UK Government’s AI Plan Raises Concerns Over Patient Data
Ambitious Plan to Foster Innovation Through AI
The UK government’s new plan to foster innovation through artificial intelligence (AI) is ambitious. Its goals rely on the better use of public data, including renewed efforts to maximise the value of health data held by the NHS. Yet this could involve the use of real data from patients using the NHS. This has been highly controversial in the past and previous attempts to use this health data have been at times close to disastrous.
Patient Data and Anonymity Concerns
Patient data would be anonymised, but concerns remain about potential threats to this anonymity. For example, the use of health data has been accompanied by worries about access to data for commercial gain. The care.data programme, which collapsed in 2014, had a similar underlying idea: sharing health data across the country to both publicly funded research bodies and private companies.
Poor Communication and Failure to Listen
Poor communication about the more controversial elements of this project and a failure to listen to concerns led to the programme being shelved. More recently, the involvement of the US tech company Palantir in the new NHS data platform raised questions about who can and should access data.
The Importance of Public Trust
The new effort to use health data to train (or improve) AI models, similarly relies on public support for success. Yet perhaps unsurprisingly, within hours of this announcement, media outlets and social media users attacked the plan as a way of monetising health data. “Ministers mull allowing private firms to make profit from NHS data in AI push,” one published headline reads.
The Trustworthiness Recognition Problem
These responses, and those to care.data and Palantir, reflect just how important public trust is in the design of policy. This is true no matter how complicated technology becomes – and crucially, trust becomes more important as societies increase in scale and we’re less able to see or understand every part of the system. It can, though, be difficult, if not impossible, to make a judgement as to where we should place trust, and how to do that well.

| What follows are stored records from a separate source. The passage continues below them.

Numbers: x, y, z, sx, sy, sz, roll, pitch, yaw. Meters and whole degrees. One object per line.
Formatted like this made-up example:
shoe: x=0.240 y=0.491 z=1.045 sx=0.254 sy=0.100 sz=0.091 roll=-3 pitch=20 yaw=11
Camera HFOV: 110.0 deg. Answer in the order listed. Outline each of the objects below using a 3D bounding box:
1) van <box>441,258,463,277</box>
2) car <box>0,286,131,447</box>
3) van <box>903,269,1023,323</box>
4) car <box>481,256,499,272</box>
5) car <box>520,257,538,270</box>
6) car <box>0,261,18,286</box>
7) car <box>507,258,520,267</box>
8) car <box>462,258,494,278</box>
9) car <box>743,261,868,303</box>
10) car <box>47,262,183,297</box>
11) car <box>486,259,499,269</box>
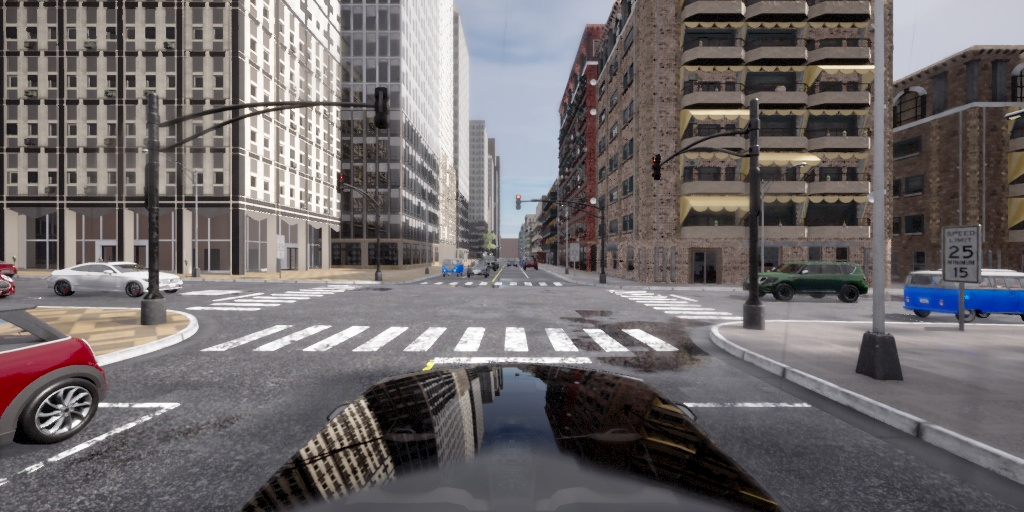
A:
van: x=-5.716 y=1.097 z=34.831 sx=1.690 sy=1.789 sz=3.998 roll=0 pitch=0 yaw=0
car: x=-5.691 y=1.190 z=2.357 sx=1.967 sy=1.591 sz=4.097 roll=0 pitch=0 yaw=0
van: x=16.903 y=1.453 z=13.091 sx=3.998 sy=1.789 sz=1.690 roll=0 pitch=0 yaw=0
car: x=-3.136 y=0.986 z=46.993 sx=2.150 sy=2.045 sz=5.566 roll=0 pitch=0 yaw=0
car: x=2.651 y=1.079 z=51.492 sx=2.192 sy=1.841 sz=5.009 roll=0 pitch=0 yaw=0
car: x=-21.156 y=0.818 z=13.112 sx=4.097 sy=1.591 sz=1.967 roll=0 pitch=0 yaw=0
car: x=0.050 y=1.373 z=64.508 sx=1.895 sy=1.301 sz=4.718 roll=0 pitch=0 yaw=0
car: x=-3.127 y=1.247 z=33.965 sx=2.128 sy=1.511 sz=4.902 roll=0 pitch=0 yaw=0
car: x=15.445 y=1.297 z=19.012 sx=5.566 sy=2.045 sz=2.150 roll=1 pitch=0 yaw=0
car: x=-17.277 y=0.975 z=15.709 sx=4.674 sy=1.442 sz=1.812 roll=1 pitch=0 yaw=-2
car: x=-3.118 y=1.247 z=59.258 sx=1.882 sy=1.535 sz=5.008 roll=0 pitch=1 yaw=0

Signalling Theory and Overcoming the Trustworthiness Recognition Problem
The challenge of trust motivates what we call the “trustworthiness recognition problem” which highlights that determining who is worthy of our trust is something that stems from the origins of human social behaviour. The problem comes from a simple issue: anyone can claim to be trustworthy and we can lack sure ways to tell if they genuinely are.
Conclusion
If someone moves into a new home and sees ads for different internet providers online, there isn’t a sure way to tell which will be cheaper or more reliable. Presentation doesn’t need – and may not even often – reflect anything about a person or group’s underlying qualities. Carrying a designer handbag or wearing an expensive watch doesn’t guarantee the wearer is wealthy.

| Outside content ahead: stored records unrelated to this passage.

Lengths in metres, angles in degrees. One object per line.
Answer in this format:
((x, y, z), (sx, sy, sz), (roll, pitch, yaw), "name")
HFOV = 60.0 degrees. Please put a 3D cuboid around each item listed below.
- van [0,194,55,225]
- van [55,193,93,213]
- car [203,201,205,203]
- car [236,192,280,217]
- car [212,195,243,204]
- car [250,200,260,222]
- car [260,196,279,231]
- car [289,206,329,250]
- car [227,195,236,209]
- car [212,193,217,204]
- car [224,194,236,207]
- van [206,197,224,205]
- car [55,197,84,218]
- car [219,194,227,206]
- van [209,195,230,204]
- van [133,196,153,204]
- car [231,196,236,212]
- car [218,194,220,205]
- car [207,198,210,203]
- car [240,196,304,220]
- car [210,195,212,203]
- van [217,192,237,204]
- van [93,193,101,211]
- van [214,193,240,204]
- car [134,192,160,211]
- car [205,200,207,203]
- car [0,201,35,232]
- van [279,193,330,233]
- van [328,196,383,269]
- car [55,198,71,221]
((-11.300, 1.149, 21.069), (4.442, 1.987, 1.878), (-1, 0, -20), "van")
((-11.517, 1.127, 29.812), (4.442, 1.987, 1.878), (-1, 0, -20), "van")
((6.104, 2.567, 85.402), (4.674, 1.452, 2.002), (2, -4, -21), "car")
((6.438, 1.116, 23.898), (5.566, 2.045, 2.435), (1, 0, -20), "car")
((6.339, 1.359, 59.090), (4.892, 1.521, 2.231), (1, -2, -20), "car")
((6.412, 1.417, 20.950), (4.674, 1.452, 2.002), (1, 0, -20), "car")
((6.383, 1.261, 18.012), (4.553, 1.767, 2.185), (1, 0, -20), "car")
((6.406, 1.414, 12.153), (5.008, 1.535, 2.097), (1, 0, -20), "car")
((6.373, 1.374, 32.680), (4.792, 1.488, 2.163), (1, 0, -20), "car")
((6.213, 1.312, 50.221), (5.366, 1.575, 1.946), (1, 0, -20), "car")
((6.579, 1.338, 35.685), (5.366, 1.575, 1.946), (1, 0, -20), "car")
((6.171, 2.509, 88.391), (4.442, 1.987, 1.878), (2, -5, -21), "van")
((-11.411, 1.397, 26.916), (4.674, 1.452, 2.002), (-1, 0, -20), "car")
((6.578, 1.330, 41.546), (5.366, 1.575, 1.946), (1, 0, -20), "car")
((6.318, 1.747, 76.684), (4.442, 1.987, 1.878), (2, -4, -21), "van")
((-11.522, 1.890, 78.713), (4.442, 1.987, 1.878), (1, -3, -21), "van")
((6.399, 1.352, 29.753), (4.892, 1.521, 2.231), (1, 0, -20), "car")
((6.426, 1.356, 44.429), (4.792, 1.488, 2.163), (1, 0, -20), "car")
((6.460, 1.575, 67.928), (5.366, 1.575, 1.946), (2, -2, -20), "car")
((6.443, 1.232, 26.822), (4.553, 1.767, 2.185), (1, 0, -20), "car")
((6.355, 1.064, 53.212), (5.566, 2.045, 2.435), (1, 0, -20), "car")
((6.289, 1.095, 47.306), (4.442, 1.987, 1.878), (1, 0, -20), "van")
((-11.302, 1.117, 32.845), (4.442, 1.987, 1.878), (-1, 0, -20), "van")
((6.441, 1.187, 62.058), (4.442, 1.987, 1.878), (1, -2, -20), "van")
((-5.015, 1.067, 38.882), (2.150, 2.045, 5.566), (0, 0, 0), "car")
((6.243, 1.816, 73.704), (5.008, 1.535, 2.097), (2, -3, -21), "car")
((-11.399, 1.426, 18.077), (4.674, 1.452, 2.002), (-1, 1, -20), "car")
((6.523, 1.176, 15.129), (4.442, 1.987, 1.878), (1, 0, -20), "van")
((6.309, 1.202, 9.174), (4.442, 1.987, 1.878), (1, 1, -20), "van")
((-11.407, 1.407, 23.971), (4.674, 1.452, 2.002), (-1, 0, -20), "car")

Luckily, work in anthropology, psychology and economics shows how people – and by consequence, institutions like political bodies – can overcome this problem. This work is known as signalling theory and explains how and why communication, or what we can call the passing of information from a signaller to a receiver, evolves even when the individuals communicating are in conflict.
FAQs
Q: What is the UK government’s plan to foster innovation through AI?
A: The plan aims to use public data, including health data held by the NHS, to train or improve AI models.
Q: What are the concerns about patient data?
A: Patient data would be anonymised, but concerns remain about potential threats to this anonymity, including access to data for commercial gain.
Q: What happened to the care.data programme?
A: The programme collapsed in 2014 due to poor communication and a failure to listen to concerns about the use of patient data.
Q: What is signalling theory?
A: Signalling theory is a concept that explains how people and institutions can overcome the trustworthiness recognition problem by demonstrating their commitment to the public through communication and action.